So, what to do with all of this extra time that I have on my plate? Well, this is where the lemonade comes in. I can only sulk and be depressed for so long, before I can’t stand myself anymore. 🙂 Plus, with an unbelievably supportive husband and always available friends, it is nearly impossible not to bounce back and get going again.

The question is, how do you respond to circumstances beyond your control? You CHOOSE to deal with them in a positive or a negative way. You make the best or the worst of it. Here’s what my new life looks like:

Wake up and go for a walk… every day, no matter what.

Write a business plan for this page. And boy, do I have a plan. I’m not sure what kept me, but I finally have an idea, and I’m making a plan, and Grokette will grow and shine, and it will be awesome!

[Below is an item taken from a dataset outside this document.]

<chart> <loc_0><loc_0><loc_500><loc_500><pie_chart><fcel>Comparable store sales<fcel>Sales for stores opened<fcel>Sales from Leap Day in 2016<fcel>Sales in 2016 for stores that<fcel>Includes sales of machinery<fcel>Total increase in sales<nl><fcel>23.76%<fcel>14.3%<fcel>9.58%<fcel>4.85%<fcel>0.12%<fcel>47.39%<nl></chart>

Prepare my body for surgery. Bone broth may not have been able to prevent it, but it WILL keep me strong, along with other healthy foods, to make it through this surgery, and to heal fast once it is over.

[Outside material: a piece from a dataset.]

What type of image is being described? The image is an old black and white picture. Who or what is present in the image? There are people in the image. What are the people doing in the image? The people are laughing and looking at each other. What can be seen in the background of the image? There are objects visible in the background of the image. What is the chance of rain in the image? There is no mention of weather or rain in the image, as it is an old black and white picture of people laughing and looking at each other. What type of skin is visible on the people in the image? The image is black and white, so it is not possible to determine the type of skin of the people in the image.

In a way I’m glad this is happening now, rather than 10 years ago. Because today, my blood looks better than ever before. I’m fitter, stronger, and a heck of a lot healthier than I ever was. Bring it on, Life, throw me those lemons. I will be making delicious lemonade.

Another Sugar Update

alliswellI think it’s time for another update. First of all, I do want you to know what’s going on with me. Secondly, I feel that the changes in my body are so significant, that it needs to be mentioned. First things first… I am feeling significantly better all around. I work out better, I am in a better mood, and I have ZERO guilt about giving in to cravings. Also, I am much better tuned into my body’s needs. For instance, on days I work out really hard (which is kind of what CrossFit does for ya all the time), my body will tell me in no uncertain terms that it needs something. In the past I tried to fix this by giving it more protein and more fat. Granted this would fill me up pretty well, but I still dragged for a good part of the day. I still do eat protein right after my workouts! But then I eat what my body really wants! And if after a nectarine I am still craving something sweet, I will eat it!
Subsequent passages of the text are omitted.